*Task requirements*. Reproduce word for word the line that contains "1) car [0,270,6,336]" and every line after it to the end of the records, with nothing else added.

====

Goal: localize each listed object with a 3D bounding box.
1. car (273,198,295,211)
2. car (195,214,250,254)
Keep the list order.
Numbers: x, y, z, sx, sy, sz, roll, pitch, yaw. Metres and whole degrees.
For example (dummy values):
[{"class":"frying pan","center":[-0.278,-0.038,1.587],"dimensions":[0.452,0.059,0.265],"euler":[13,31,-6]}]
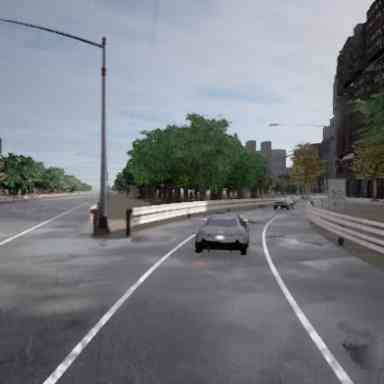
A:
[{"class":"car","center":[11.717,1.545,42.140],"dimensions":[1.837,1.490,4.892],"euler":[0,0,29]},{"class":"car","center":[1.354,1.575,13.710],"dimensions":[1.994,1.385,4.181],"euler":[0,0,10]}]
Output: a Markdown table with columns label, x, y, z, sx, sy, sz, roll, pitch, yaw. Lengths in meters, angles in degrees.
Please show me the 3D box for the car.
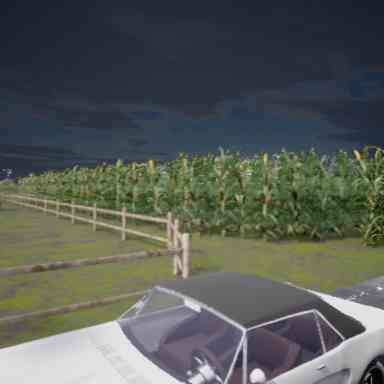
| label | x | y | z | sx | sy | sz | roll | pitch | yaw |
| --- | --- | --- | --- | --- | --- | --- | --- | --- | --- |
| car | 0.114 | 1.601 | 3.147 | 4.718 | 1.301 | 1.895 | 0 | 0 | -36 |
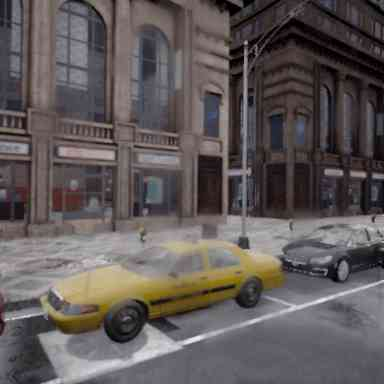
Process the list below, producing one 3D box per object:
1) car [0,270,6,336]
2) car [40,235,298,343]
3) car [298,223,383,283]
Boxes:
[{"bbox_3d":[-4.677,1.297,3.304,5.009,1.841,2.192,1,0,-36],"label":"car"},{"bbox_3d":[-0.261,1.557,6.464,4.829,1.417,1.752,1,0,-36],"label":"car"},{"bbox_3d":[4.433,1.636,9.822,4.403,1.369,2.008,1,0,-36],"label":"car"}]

====

*Finished exercise*.
1) car [0,270,6,336]
2) car [40,235,298,343]
3) car [298,223,383,283]
Boxes:
[{"bbox_3d":[-4.677,1.297,3.304,5.009,1.841,2.192,1,0,-36],"label":"car"},{"bbox_3d":[-0.261,1.557,6.464,4.829,1.417,1.752,1,0,-36],"label":"car"},{"bbox_3d":[4.433,1.636,9.822,4.403,1.369,2.008,1,0,-36],"label":"car"}]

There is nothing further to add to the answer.